9. Apparatus according to claim 1 in which the first operating system is MicrosoftÂŽ Windowsâ˘.
10. Apparatus according to claim 1 in which the management system is Tivoli Storage Managerâ˘.
11. Apparatus according to claim 1 in which the agent is further adapted to issue a query to the database concerning data archived from computing devices running the first operating system.

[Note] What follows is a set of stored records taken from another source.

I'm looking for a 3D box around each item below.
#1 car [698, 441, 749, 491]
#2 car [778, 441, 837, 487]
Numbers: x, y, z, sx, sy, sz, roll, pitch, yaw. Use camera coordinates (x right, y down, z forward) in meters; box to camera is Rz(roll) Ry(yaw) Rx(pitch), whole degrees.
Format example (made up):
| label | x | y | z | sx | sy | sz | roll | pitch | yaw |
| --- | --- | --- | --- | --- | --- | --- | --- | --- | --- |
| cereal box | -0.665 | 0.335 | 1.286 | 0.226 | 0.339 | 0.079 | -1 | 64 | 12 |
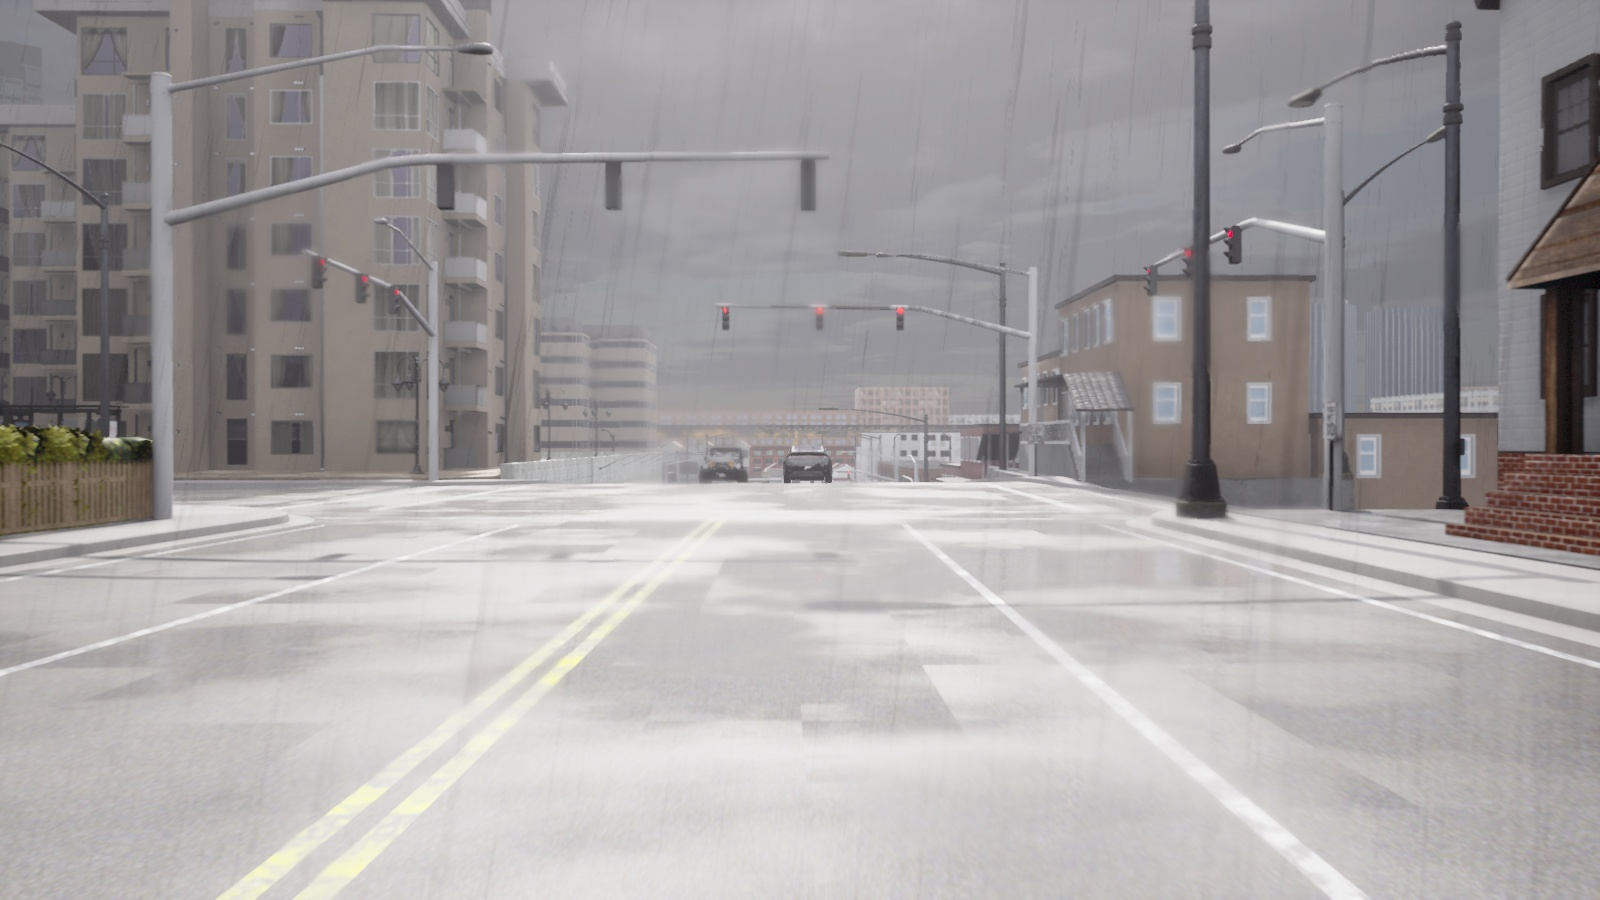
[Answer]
| label | x | y | z | sx | sy | sz | roll | pitch | yaw |
| --- | --- | --- | --- | --- | --- | --- | --- | --- | --- |
| car | -3.183 | 0.712 | 52.811 | 1.905 | 1.878 | 3.866 | 0 | -4 | 0 |
| car | 0.292 | 0.570 | 48.319 | 2.128 | 1.511 | 4.902 | 0 | -4 | 0 |

12. A method of gathering information as to the usage of storage devices on a network of computing devices,
the network comprising a plurality of computing devices each running different operating systems, at least one data storage device, and a management system for controlling archival of data from the computing devices to the data storage device, the management system including a database of data previously archived;
the method comprising the steps of;
i. providing an agent on a first computing device running a first operating system and attached to the network,
ii. via the agent, issuing an instruction to a second computing device being one of the plurality of computing devices via a remote administration protocol, the second computing device being one running a second operating system that differs from the first operating system, and the instruction comprising a query to the database concerning data archived from computing devices running the second operating system.

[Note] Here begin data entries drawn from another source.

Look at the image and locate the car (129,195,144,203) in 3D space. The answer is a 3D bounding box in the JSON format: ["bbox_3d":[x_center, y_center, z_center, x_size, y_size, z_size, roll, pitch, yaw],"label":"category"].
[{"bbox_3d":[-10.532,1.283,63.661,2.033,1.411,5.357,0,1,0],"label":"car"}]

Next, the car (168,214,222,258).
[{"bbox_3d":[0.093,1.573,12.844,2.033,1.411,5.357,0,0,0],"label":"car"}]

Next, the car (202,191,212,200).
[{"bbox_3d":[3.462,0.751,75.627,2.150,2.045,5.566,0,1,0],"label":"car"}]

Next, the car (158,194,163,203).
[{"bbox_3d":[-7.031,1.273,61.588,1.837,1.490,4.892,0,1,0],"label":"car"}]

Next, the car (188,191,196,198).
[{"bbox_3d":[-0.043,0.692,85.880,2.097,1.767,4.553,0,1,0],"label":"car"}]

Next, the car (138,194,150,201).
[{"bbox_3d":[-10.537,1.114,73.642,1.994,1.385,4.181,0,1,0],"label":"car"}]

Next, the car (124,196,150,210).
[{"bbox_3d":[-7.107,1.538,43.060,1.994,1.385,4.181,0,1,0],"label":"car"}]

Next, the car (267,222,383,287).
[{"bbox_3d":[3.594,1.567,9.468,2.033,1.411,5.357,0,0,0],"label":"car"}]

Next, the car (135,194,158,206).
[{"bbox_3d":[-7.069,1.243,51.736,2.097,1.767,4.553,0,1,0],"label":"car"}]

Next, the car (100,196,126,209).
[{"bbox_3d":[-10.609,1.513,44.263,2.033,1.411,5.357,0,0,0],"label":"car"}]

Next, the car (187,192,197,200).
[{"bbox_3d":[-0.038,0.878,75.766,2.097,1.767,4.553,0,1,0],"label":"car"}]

13. A software agent for assisting in the management of storage devices on a network of computing devices,
the network comprising a plurality of computing devices each running different operating systems, at least one data storage device, and a management system for controlling archival of data from the computing devices to the data storage device, the management system including a database of data previously archived;
the software agent being adapted;
i. to run on a first computing device having a first operating system and being attached to the network,
ii. to issue an instruction to a second computing device being one of the plurality of computing devices via a remote administration protocol, the second computing device running a second operating system that differs from the first operating system, the instruction comprising a query to the database concerning data archived from computing devices running the second operating system.

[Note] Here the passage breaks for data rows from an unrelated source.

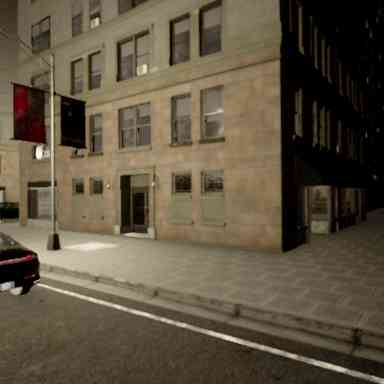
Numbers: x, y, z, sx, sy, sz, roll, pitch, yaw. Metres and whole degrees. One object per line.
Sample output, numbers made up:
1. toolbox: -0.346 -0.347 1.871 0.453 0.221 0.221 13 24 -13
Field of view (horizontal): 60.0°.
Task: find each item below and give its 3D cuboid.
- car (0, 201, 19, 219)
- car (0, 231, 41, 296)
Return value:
1. car: -16.152 1.617 29.160 2.097 1.767 4.553 -1 -1 36
2. car: -5.427 1.553 7.542 4.902 1.511 2.128 -1 0 35

14. A data storage resource management system comprising a query agent and an analysis agent,
the query agent being adapted to issue at least one query to a database of backed up or archived objects in order to elicit information relating to the objects;
the analysis agent being adapted to organise the query results and display totals of objects meeting defined criteria
15. A data storage resource management system according to claim 14 in which the query agent is adapted to run on a first computing device running a first operating system, and to issue an instruction to a second computing device via a remote administration protocol, the second computing device running a second operating system that differs from the first operating system, and the instruction comprising a query to the database concerning data archived from computing devices running the second operating system.